The paper tackled the problem of self-attention networks being limited in processing hierarchical formal languages by proving they can handle bounded-depth versions, such as Dyck_{k,D}, with constructed networks achieving near-perfect accuracy in experiments.

Despite their impressive performance in NLP, self-attention networks were recently proved to be limited for processing formal languages with hierarchical structure, such as $\mathsf{Dyck}_k$, the language consisting of well-nested parentheses of $k$ types.
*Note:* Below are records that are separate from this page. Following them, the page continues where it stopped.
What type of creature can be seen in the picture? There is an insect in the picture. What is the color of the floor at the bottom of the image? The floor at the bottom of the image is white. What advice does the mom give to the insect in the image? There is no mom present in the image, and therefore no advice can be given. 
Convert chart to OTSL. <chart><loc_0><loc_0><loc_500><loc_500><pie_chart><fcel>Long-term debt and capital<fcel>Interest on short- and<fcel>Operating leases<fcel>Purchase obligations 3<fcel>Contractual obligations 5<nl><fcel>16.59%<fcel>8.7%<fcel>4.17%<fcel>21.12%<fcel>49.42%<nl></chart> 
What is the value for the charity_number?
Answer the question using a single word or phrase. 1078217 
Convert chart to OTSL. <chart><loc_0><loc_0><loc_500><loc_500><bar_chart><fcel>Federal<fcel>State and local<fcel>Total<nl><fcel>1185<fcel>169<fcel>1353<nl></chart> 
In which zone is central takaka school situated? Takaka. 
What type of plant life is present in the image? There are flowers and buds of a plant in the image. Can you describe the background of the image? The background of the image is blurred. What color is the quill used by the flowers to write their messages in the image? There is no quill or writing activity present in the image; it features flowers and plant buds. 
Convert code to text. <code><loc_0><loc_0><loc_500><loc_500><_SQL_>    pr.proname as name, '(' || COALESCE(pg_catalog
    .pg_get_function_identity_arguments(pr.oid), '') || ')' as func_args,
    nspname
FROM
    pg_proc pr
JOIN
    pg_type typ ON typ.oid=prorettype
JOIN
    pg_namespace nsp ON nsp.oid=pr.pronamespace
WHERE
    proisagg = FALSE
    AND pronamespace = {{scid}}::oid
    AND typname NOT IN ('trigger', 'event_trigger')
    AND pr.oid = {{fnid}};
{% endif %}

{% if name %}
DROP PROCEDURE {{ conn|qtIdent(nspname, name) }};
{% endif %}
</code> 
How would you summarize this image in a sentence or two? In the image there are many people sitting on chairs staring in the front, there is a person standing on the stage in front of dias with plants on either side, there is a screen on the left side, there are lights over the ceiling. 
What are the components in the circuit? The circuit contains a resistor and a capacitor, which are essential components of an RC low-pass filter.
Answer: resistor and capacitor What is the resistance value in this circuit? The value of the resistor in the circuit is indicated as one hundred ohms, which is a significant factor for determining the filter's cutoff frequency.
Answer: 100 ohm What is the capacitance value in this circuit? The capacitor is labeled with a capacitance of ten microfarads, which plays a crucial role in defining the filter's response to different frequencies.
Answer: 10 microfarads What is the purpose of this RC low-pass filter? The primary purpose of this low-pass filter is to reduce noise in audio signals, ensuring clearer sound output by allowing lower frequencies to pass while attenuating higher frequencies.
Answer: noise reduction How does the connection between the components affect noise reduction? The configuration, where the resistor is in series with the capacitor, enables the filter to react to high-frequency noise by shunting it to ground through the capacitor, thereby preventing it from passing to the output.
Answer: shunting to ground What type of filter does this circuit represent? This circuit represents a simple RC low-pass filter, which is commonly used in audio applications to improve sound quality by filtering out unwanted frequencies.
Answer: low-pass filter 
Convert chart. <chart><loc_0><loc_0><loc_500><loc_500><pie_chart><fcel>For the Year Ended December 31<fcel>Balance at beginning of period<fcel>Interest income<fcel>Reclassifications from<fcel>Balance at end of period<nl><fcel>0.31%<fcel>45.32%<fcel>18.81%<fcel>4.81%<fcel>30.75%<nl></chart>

This suggested that natural language can be approximated well with models that are too weak for formal languages, or that the role of hierarchy and recursion in natural language might be limited. We qualify this implication by proving that self-attention networks can process $\mathsf{Dyck}_{k, D}$, the subset of $\mathsf{Dyck}_{k}$ with depth bounded by $D$, which arguably better captures the bounded hierarchical structure of natural language. Specifically, we construct a hard-attention network with $D+1$ layers and $O(\log k)$ memory size (per token per layer) that recognizes $\mathsf{Dyck}_{k, D}$, and a soft-attention network with two layers and $O(\log k)$ memory size that generates $\mathsf{Dyck}_{k, D}$. Experiments show that self-attention networks trained on $\mathsf{Dyck}_{k, D}$ generalize to longer inputs with near-perfect accuracy, and also verify the theoretical memory advantage of self-attention networks over recurrent networks.